4. Success is perspectival. I used to think I was successful because I had a six-figure job that my friends and family could be proud of. I thought the house with too many bedrooms would make me look even more successful, and so would the luxury car and the tailored suits and the nice watch and the big screen TV and all of the trappings of the material world.

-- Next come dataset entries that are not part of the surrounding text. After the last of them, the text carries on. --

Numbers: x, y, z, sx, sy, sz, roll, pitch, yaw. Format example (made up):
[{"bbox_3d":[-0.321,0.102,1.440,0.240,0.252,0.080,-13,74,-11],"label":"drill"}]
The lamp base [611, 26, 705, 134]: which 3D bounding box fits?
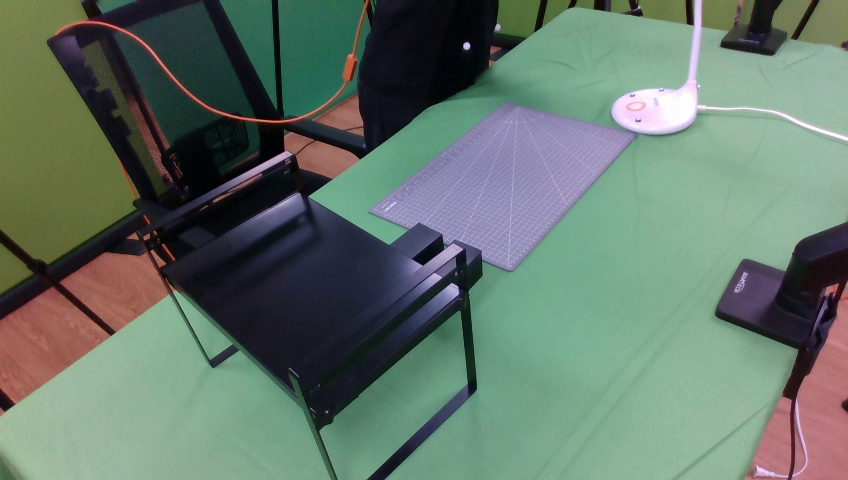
[{"bbox_3d":[0.459,-0.317,1.154,0.179,0.181,0.159,-6,41,-1],"label":"lamp base"}]
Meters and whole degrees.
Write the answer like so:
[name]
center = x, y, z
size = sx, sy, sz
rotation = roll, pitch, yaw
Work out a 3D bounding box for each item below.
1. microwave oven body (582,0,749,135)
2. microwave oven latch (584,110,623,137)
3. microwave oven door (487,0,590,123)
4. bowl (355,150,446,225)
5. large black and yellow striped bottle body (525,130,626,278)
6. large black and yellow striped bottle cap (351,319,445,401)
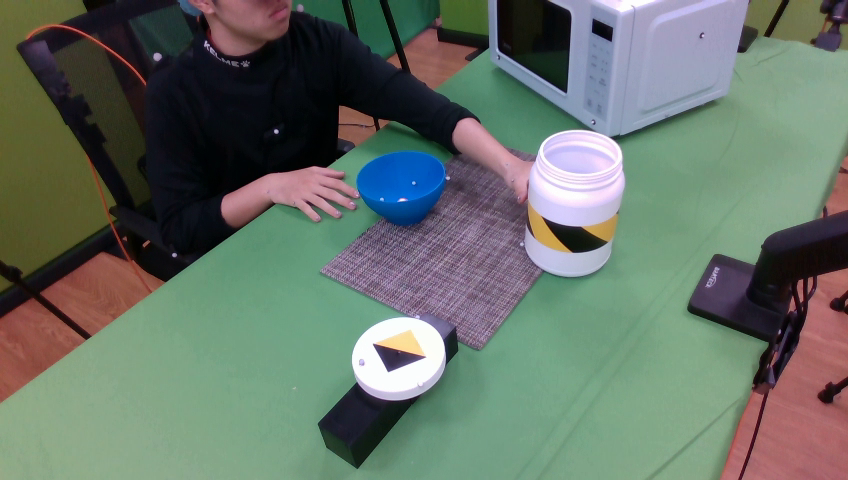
[microwave oven body]
center = 0.382, -0.444, 1.246
size = 0.327, 0.261, 0.437
rotation = -22, 42, -16
[microwave oven latch]
center = 0.337, -0.222, 1.142
size = 0.030, 0.029, 0.078
rotation = -21, 42, -14
[microwave oven door]
center = 0.231, -0.420, 1.230
size = 0.039, 0.245, 0.352
rotation = -22, 43, -16
[bowl]
center = -0.035, -0.078, 1.017
size = 0.151, 0.077, 0.150
rotation = -4, 40, 4
[large black and yellow striped bottle body]
center = 0.216, -0.051, 0.870
size = 0.131, 0.185, 0.130
rotation = -2, 43, 2
[large black and yellow striped bottle cap]
center = -0.031, 0.143, 0.735
size = 0.115, 0.019, 0.114
rotation = -3, 40, 3

But I got all of that and I sure as hell didn’t feel successful. Instead, I felt depressed. So what did I do? I bought more stuff. And when that didn’t work I figured out that I had to do something else with my life, that I had to stop living a lie and start living my dreams.
5. You must make change a must. I knew that I wanted to change my life for the longest time. I knew I was unhappy, unsatisfied, and unfulfilled. I knew I didn’t have freedom. Not real freedom. The problem was that I knew these things intellectually but not emotionally. I didn’t have the feeling in my gut that things must change. I knew they should change, but the change wasn’t a must for me, and thus it didn’t happen. Anthony Robbins has a good aphorism to describe all these shoulds in your life: he says “after a while you end up shoulding all over yourself.” But once you understand these things on an emotional level you are able to turn your shouldsinto musts. I believe that that is the pivotal point, that is when you get leverage, that is when you are compelled to take action. Thus, a decision is not a real decision until it is a must for you, until you feel it on your nerve-endings, until you are compelled to take action. Once your shoulds have turned into musts, then you have made a real decision.

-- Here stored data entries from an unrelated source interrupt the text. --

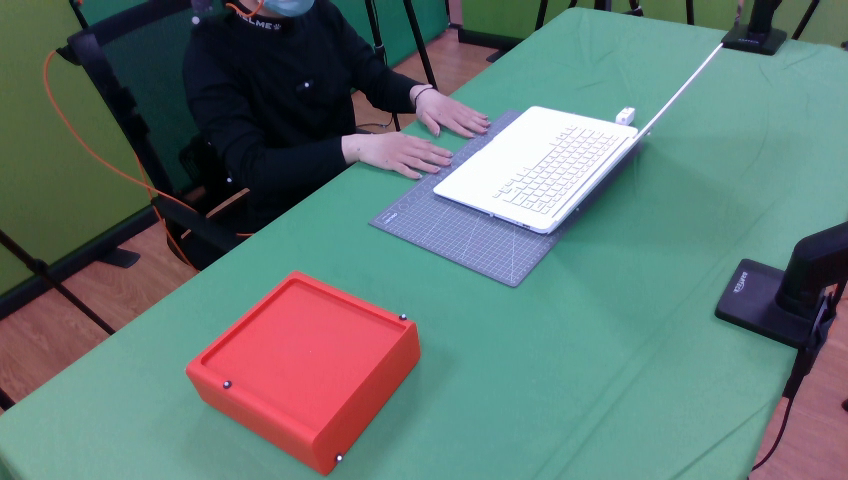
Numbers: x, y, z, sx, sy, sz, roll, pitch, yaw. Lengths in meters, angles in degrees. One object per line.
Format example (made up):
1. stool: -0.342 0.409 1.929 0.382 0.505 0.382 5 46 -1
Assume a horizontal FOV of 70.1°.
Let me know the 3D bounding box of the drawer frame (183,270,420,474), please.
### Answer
1. drawer frame: -0.149 0.153 0.767 0.212 0.083 0.202 20 46 27

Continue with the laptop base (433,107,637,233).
1. laptop base: 0.210 -0.142 1.111 0.233 0.023 0.355 21 48 33

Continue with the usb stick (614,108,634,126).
1. usb stick: 0.385 -0.233 1.174 0.021 0.027 0.059 22 47 30

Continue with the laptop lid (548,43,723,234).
1. laptop lid: 0.335 -0.160 0.955 0.013 0.241 0.358 42 54 8

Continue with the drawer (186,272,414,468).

6. Growth & contribution is the meaning of life. Giving is living, I said that before. I believe that the best way to live a meaningful life is simple: continuously grow as an individual and contribute to other people in a meaningful way. Growth and contribution. That’s all. That’s the meaning of my life.

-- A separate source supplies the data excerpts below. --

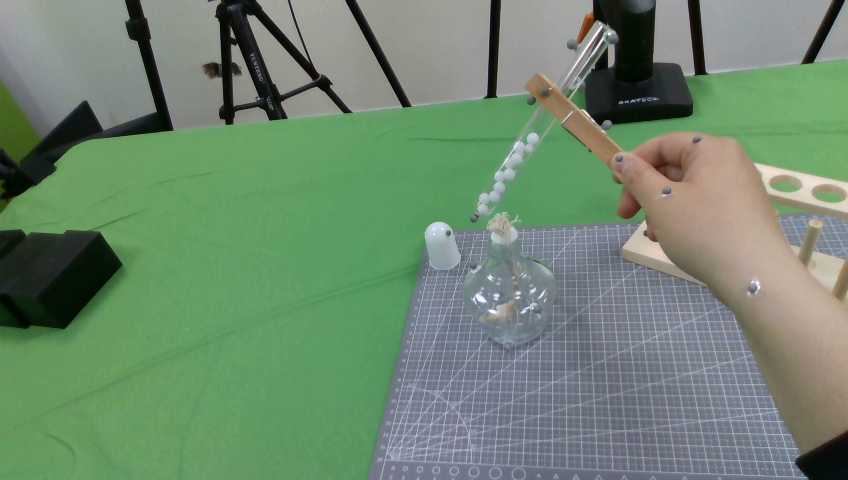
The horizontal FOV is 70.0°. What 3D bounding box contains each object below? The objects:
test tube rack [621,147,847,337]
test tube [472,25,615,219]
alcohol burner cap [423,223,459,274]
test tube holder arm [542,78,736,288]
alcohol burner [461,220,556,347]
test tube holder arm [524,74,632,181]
[{"bbox_3d":[0.282,0.004,0.471,0.240,0.086,0.066,22,51,36],"label":"test tube rack"},{"bbox_3d":[0.077,-0.075,0.411,0.017,0.150,0.017,28,23,-12],"label":"test tube"},{"bbox_3d":[0.015,0.005,0.585,0.034,0.048,0.033,-7,40,6],"label":"alcohol burner cap"},{"bbox_3d":[0.131,-0.041,0.390,0.177,0.015,0.013,50,23,16],"label":"test tube holder arm"},{"bbox_3d":[0.066,0.030,0.483,0.078,0.120,0.077,-7,41,7],"label":"alcohol burner"},{"bbox_3d":[0.100,-0.074,0.395,0.087,0.015,0.010,47,22,8],"label":"test tube holder arm"}]

7. Health is more important than most of us treat it. Without health, nothing else matters. It took me over a year and a half to lose 70 pounds—70 pounds of disgusting fat—but that was seven years ago and I’ve kept the weight off and I’m not turning back. I’m 30 years old now, but I’m in the best shape of my life, by far. And it’s only going to get better from here. I wrote about my exercise and diet in this essay: Minimalism Is Healthy: How I Lost 70 Pounds
8. Sentimental items are not as important as we think. My mother died in 2009. It was an incredibly difficult time in my life, but it also helped me realize a lot about the unnecessary meaning we give to stuff. I realized that I could hold on to her memories without her stuff, that I don’t need Mom’s stuff to remind me of her. There are traces of her everywhere: In the way I act, in the way I treat others, even in my smile. She’s still there, and she was never part of her stuff. I wrote an essay about that experience: Letting Go of Sentimental Items.
9. Your job is not your mission. At least it wasn’t for me, though I thought it was for the longest time, I gave it so much meaning and worked so much that the rest of my life suffered. I wrote an essay about leaving my corporate job to pursue my passions and live my mission: Screw You, I Quit! You can also check out Day 19 of our journey for further explanation.
10. Finding your passion is important. My passion is writing. Maybe you already know what your passion is, maybe you don’t have a clue. Do yourself a favor and figure it out, it will change everything for you. Read the above mentioned “Screw You, I Quit!” essay for more discussion about finding your passions.
11. Relationships matter. Not every relationship matters all that much, but there are a few that really, really matter. There are a few relationships we should focus on (for most of us there are a handful of relationships that truly matter, probably no more than 20). I’ve found that minimalism has helped me focus on these relationships. And I recently learned how to establish deeper connections with people.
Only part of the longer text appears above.